Plastik maddelere sarılan veya plastik kaplarda saklanan ürünlerin, özellikle mikrodalga fırında ısıtılmaması, bunların yerine porselen kapların tercih edilmesi, plastik şişedeki anne sütü ve mamaların mikrodalga ile temasının engellenmesi gibi noktaları vurgulayan Aydın, “Besinlerin plastik maddelerle örtülmemesi ve plastik maddelerle temasının engellenmesi, bebeklerin plastik ürünler çiğnemesinin engellenmesi, çocukların oyunlardan sonra, olası pestisitler gibi maddelerle karşılaşmaları açısından ellerinin yıkanması gibi önlemler alınabilir” dedi.
PLASTİK KUTULARDAKİ NUMARALAR NE ANLAMA GELİYOR?
Çoğu plastik yiyecek ve içecek kabı, tüketicilerin akıllı seçimler yapmasına yardımcı olmak için standartlaştırılmış işaretlere sahip.

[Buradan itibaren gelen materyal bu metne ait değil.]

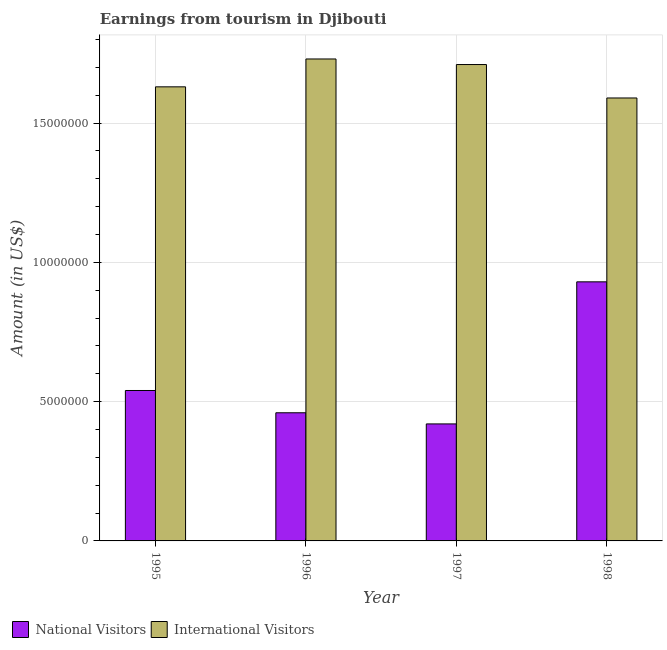How many different coloured bars are there?
Give a very brief answer. 2. How many groups of bars are there?
Keep it short and to the point. 4. How many bars are there on the 3rd tick from the left?
Offer a very short reply. 2. How many bars are there on the 1st tick from the right?
Ensure brevity in your answer.  2. What is the label of the 1st group of bars from the left?
Make the answer very short. 1995. What is the amount earned from national visitors in 1997?
Your answer should be compact. 4.20e+06. Across all years, what is the maximum amount earned from national visitors?
Keep it short and to the point. 9.30e+06. Across all years, what is the minimum amount earned from international visitors?
Your answer should be very brief. 1.59e+07. In which year was the amount earned from national visitors maximum?
Provide a short and direct response. 1998. What is the total amount earned from international visitors in the graph?
Offer a very short reply. 6.66e+07. What is the difference between the amount earned from international visitors in 1997 and that in 1998?
Ensure brevity in your answer.  1.20e+06. What is the difference between the amount earned from national visitors in 1996 and the amount earned from international visitors in 1998?
Make the answer very short. -4.70e+06. What is the average amount earned from international visitors per year?
Provide a short and direct response. 1.66e+07. In the year 1996, what is the difference between the amount earned from international visitors and amount earned from national visitors?
Your response must be concise. 0. In how many years, is the amount earned from international visitors greater than 17000000 US$?
Ensure brevity in your answer.  2. What is the ratio of the amount earned from national visitors in 1995 to that in 1998?
Provide a short and direct response. 0.58. Is the amount earned from international visitors in 1996 less than that in 1998?
Ensure brevity in your answer.  No. Is the difference between the amount earned from national visitors in 1997 and 1998 greater than the difference between the amount earned from international visitors in 1997 and 1998?
Keep it short and to the point. No. What is the difference between the highest and the second highest amount earned from national visitors?
Provide a succinct answer. 3.90e+06. What is the difference between the highest and the lowest amount earned from international visitors?
Give a very brief answer. 1.40e+06. In how many years, is the amount earned from national visitors greater than the average amount earned from national visitors taken over all years?
Provide a succinct answer. 1. What does the 1st bar from the left in 1995 represents?
Provide a succinct answer. National Visitors. What does the 1st bar from the right in 1997 represents?
Ensure brevity in your answer.  International Visitors. How many bars are there?
Keep it short and to the point. 8. Are all the bars in the graph horizontal?
Ensure brevity in your answer.  No. How many years are there in the graph?
Keep it short and to the point. 4. What is the difference between two consecutive major ticks on the Y-axis?
Your response must be concise. 5.00e+06. Are the values on the major ticks of Y-axis written in scientific E-notation?
Provide a short and direct response. No. Does the graph contain any zero values?
Keep it short and to the point. No. Does the graph contain grids?
Offer a very short reply. Yes. What is the title of the graph?
Provide a succinct answer. Earnings from tourism in Djibouti. What is the label or title of the X-axis?
Make the answer very short. Year. What is the Amount (in US$) in National Visitors in 1995?
Provide a succinct answer. 5.40e+06. What is the Amount (in US$) in International Visitors in 1995?
Your answer should be very brief. 1.63e+07. What is the Amount (in US$) in National Visitors in 1996?
Offer a terse response. 4.60e+06. What is the Amount (in US$) of International Visitors in 1996?
Your answer should be very brief. 1.73e+07. What is the Amount (in US$) in National Visitors in 1997?
Provide a succinct answer. 4.20e+06. What is the Amount (in US$) of International Visitors in 1997?
Make the answer very short. 1.71e+07. What is the Amount (in US$) in National Visitors in 1998?
Your response must be concise. 9.30e+06. What is the Amount (in US$) in International Visitors in 1998?
Provide a succinct answer. 1.59e+07. Across all years, what is the maximum Amount (in US$) of National Visitors?
Keep it short and to the point. 9.30e+06. Across all years, what is the maximum Amount (in US$) in International Visitors?
Make the answer very short. 1.73e+07. Across all years, what is the minimum Amount (in US$) of National Visitors?
Ensure brevity in your answer.  4.20e+06. Across all years, what is the minimum Amount (in US$) of International Visitors?
Give a very brief answer. 1.59e+07. What is the total Amount (in US$) in National Visitors in the graph?
Offer a very short reply. 2.35e+07. What is the total Amount (in US$) in International Visitors in the graph?
Give a very brief answer. 6.66e+07. What is the difference between the Amount (in US$) in International Visitors in 1995 and that in 1996?
Provide a short and direct response. -1.00e+06. What is the difference between the Amount (in US$) of National Visitors in 1995 and that in 1997?
Provide a succinct answer. 1.20e+06. What is the difference between the Amount (in US$) in International Visitors in 1995 and that in 1997?
Your response must be concise. -8.00e+05. What is the difference between the Amount (in US$) in National Visitors in 1995 and that in 1998?
Keep it short and to the point. -3.90e+06. What is the difference between the Amount (in US$) in National Visitors in 1996 and that in 1997?
Provide a succinct answer. 4.00e+05. What is the difference between the Amount (in US$) in International Visitors in 1996 and that in 1997?
Your answer should be very brief. 2.00e+05. What is the difference between the Amount (in US$) of National Visitors in 1996 and that in 1998?
Offer a very short reply. -4.70e+06. What is the difference between the Amount (in US$) in International Visitors in 1996 and that in 1998?
Keep it short and to the point. 1.40e+06. What is the difference between the Amount (in US$) of National Visitors in 1997 and that in 1998?
Offer a terse response. -5.10e+06. What is the difference between the Amount (in US$) in International Visitors in 1997 and that in 1998?
Offer a very short reply. 1.20e+06. What is the difference between the Amount (in US$) of National Visitors in 1995 and the Amount (in US$) of International Visitors in 1996?
Ensure brevity in your answer.  -1.19e+07. What is the difference between the Amount (in US$) of National Visitors in 1995 and the Amount (in US$) of International Visitors in 1997?
Ensure brevity in your answer.  -1.17e+07. What is the difference between the Amount (in US$) in National Visitors in 1995 and the Amount (in US$) in International Visitors in 1998?
Provide a succinct answer. -1.05e+07. What is the difference between the Amount (in US$) of National Visitors in 1996 and the Amount (in US$) of International Visitors in 1997?
Your answer should be compact. -1.25e+07. What is the difference between the Amount (in US$) of National Visitors in 1996 and the Amount (in US$) of International Visitors in 1998?
Your answer should be compact. -1.13e+07. What is the difference between the Amount (in US$) of National Visitors in 1997 and the Amount (in US$) of International Visitors in 1998?
Provide a short and direct response. -1.17e+07. What is the average Amount (in US$) in National Visitors per year?
Your answer should be very brief. 5.88e+06. What is the average Amount (in US$) in International Visitors per year?
Make the answer very short. 1.66e+07. In the year 1995, what is the difference between the Amount (in US$) of National Visitors and Amount (in US$) of International Visitors?
Provide a short and direct response. -1.09e+07. In the year 1996, what is the difference between the Amount (in US$) of National Visitors and Amount (in US$) of International Visitors?
Your answer should be very brief. -1.27e+07. In the year 1997, what is the difference between the Amount (in US$) of National Visitors and Amount (in US$) of International Visitors?
Keep it short and to the point. -1.29e+07. In the year 1998, what is the difference between the Amount (in US$) of National Visitors and Amount (in US$) of International Visitors?
Provide a succinct answer. -6.60e+06. What is the ratio of the Amount (in US$) in National Visitors in 1995 to that in 1996?
Provide a short and direct response. 1.17. What is the ratio of the Amount (in US$) in International Visitors in 1995 to that in 1996?
Your answer should be compact. 0.94. What is the ratio of the Amount (in US$) of International Visitors in 1995 to that in 1997?
Make the answer very short. 0.95. What is the ratio of the Amount (in US$) of National Visitors in 1995 to that in 1998?
Provide a short and direct response. 0.58. What is the ratio of the Amount (in US$) in International Visitors in 1995 to that in 1998?
Give a very brief answer. 1.03. What is the ratio of the Amount (in US$) of National Visitors in 1996 to that in 1997?
Provide a succinct answer. 1.1. What is the ratio of the Amount (in US$) of International Visitors in 1996 to that in 1997?
Keep it short and to the point. 1.01. What is the ratio of the Amount (in US$) in National Visitors in 1996 to that in 1998?
Your response must be concise. 0.49. What is the ratio of the Amount (in US$) in International Visitors in 1996 to that in 1998?
Provide a succinct answer. 1.09. What is the ratio of the Amount (in US$) in National Visitors in 1997 to that in 1998?
Offer a very short reply. 0.45. What is the ratio of the Amount (in US$) in International Visitors in 1997 to that in 1998?
Provide a succinct answer. 1.08. What is the difference between the highest and the second highest Amount (in US$) of National Visitors?
Make the answer very short. 3.90e+06. What is the difference between the highest and the lowest Amount (in US$) in National Visitors?
Provide a short and direct response. 5.10e+06. What is the difference between the highest and the lowest Amount (in US$) of International Visitors?
Make the answer very short. 1.40e+06.

Plastik gıda saklama kaplarının, bardakların ve biberonların alt kısmında yazılı bu numaralar, ürünlerin kullanım doğru alanlarına işaret ediyor.
Grafik: Harun Elibol
Özetle plastik gıda kaplarının tehlikeleri ortada ancak plastik ürünlerin tamamını hayatımızdan çıkarmak neredeyse imkânsız. Ancak en azından bir başlangıç yapıp tabaklar, saklama kapları, biberonlar gibi ürünlerde plastik kullanmaktan kaçınmak oldukça önemli.